Where descriptive statistics have been produced, the median and interquartile range (IQR) have been reported for continuous measures and the proportion and percentages per category have been reported for categorical variables. Where data is missing, the number of cases with missing data is reported. In reporting disease incidence, the number of incident cases occurring post-UK Biobank entry has been divided by the total person-years of follow-up across the disease-free UK Biobank population until March 1st 2019, accounting for individual date of UK Biobank entry and recorded date of death if applicable.
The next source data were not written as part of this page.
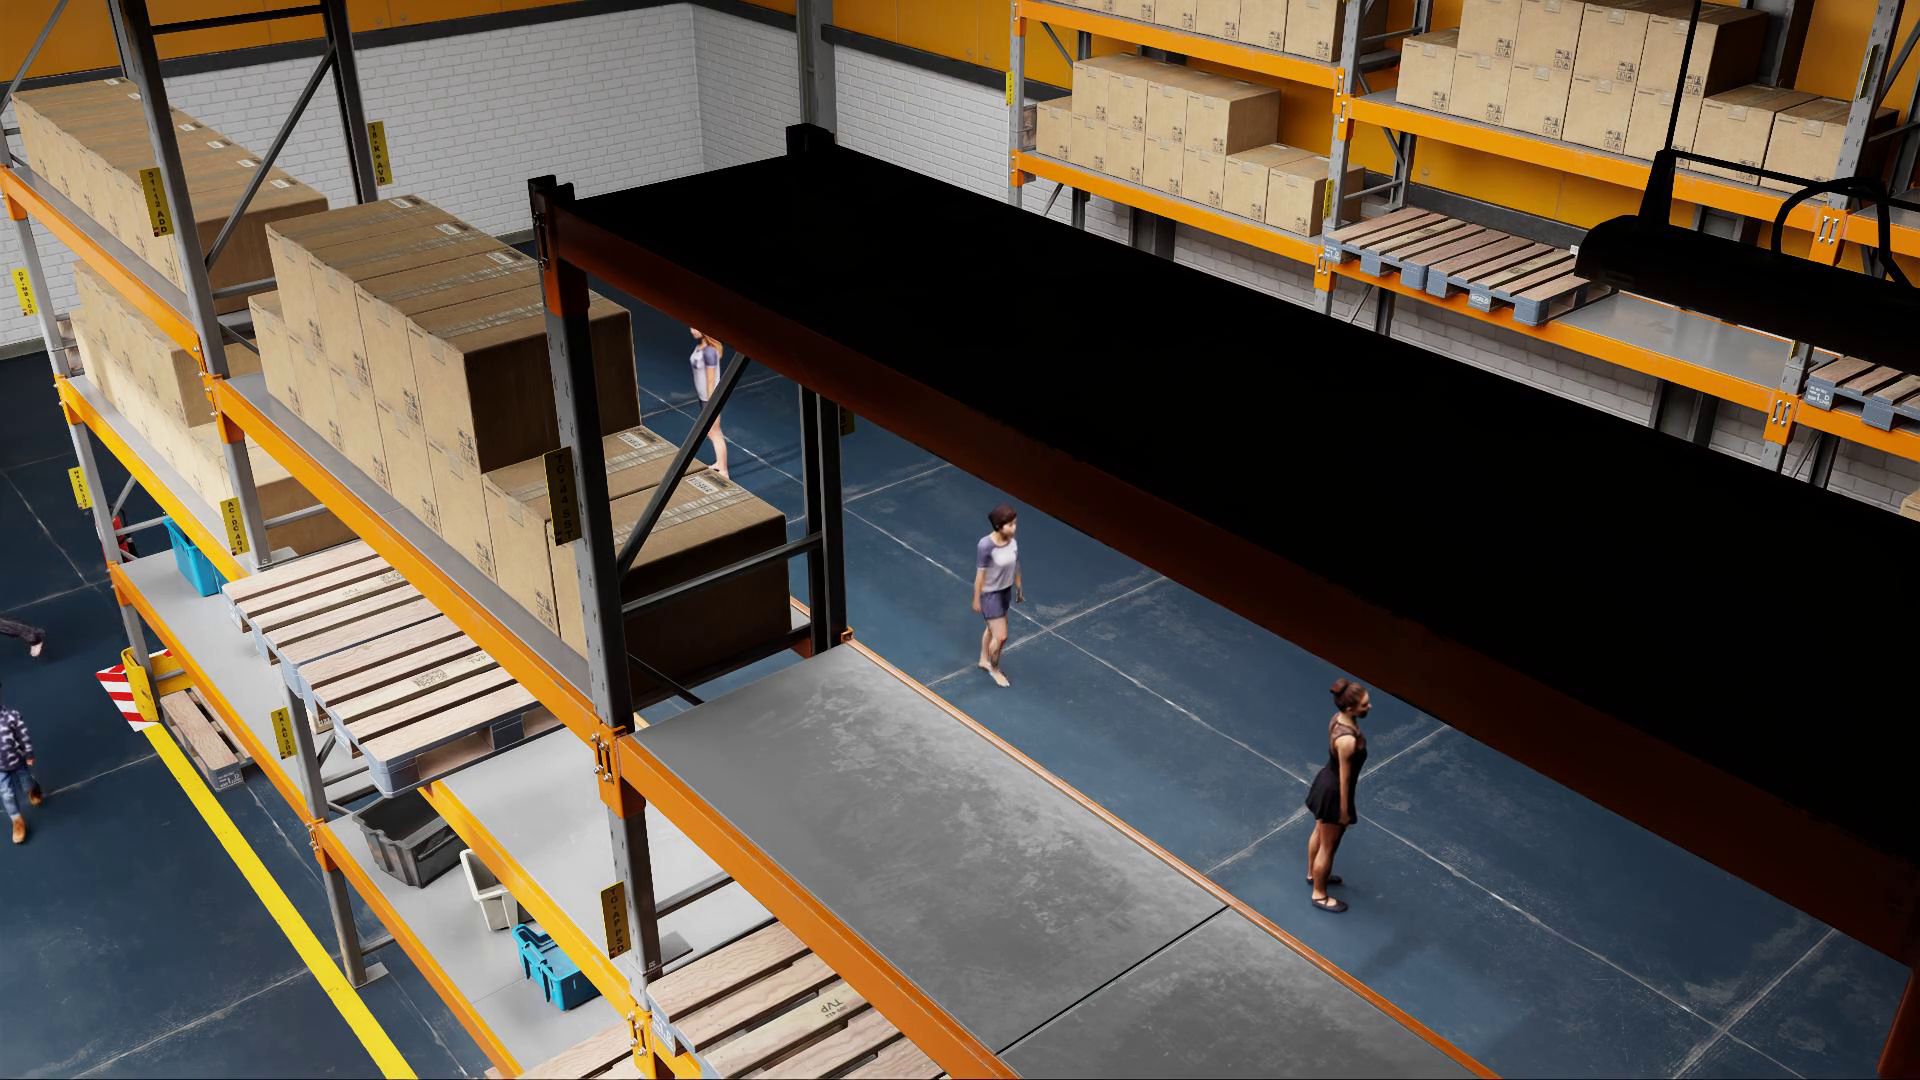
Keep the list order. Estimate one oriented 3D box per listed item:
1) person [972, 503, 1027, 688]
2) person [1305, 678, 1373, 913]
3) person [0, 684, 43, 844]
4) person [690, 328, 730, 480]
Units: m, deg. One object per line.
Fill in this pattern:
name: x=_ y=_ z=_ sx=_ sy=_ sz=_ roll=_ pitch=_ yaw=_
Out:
person: x=0.215 y=0.378 z=13.124 sx=0.669 sy=1.547 sz=0.615 roll=23 pitch=36 yaw=35
person: x=2.428 y=1.617 z=10.720 sx=0.738 sy=1.673 sz=0.681 roll=3 pitch=29 yaw=6
person: x=-6.577 y=1.459 z=11.464 sx=0.632 sy=1.239 sz=0.806 roll=-11 pitch=30 yaw=-19
person: x=-2.412 y=-1.400 z=16.194 sx=0.733 sy=1.728 sz=0.621 roll=-7 pitch=29 yaw=-12

Baseline patients defined as those with a diagnosis of MN on study entry, ‘Early Incident’ defined as those diagnosed within five years after study entry, and ‘Late Incident’ defined as those patients diagnosed later than 5 years after study entry.
SNPs associated with MN were identified as the lead independent SNPs from 3 previous GWAS studies, referred to as GWAS1-3. Allele counts identified in GWAS14 were obtained from the directly genotyped Biobank dataset. Allele counts from GWAS25 and GWAS36 were obtained from the imputed Biobank dataset. Imputed genotypes were used as called regardless of any quality assessment.
Associations between dichotomous phenotypes and genotypes were assessed by determining the relative risk (RR) associated with each genotype compared to homozygous reference alleles, and the RR per allele (additive genetic model).
To determine univariate association between exposures of interest and MN diagnosis, generalised linear models were used with non-cases as the reference category. Results were presented as relative risk ratios (RR) with accompanying 95% Wald confidence intervals.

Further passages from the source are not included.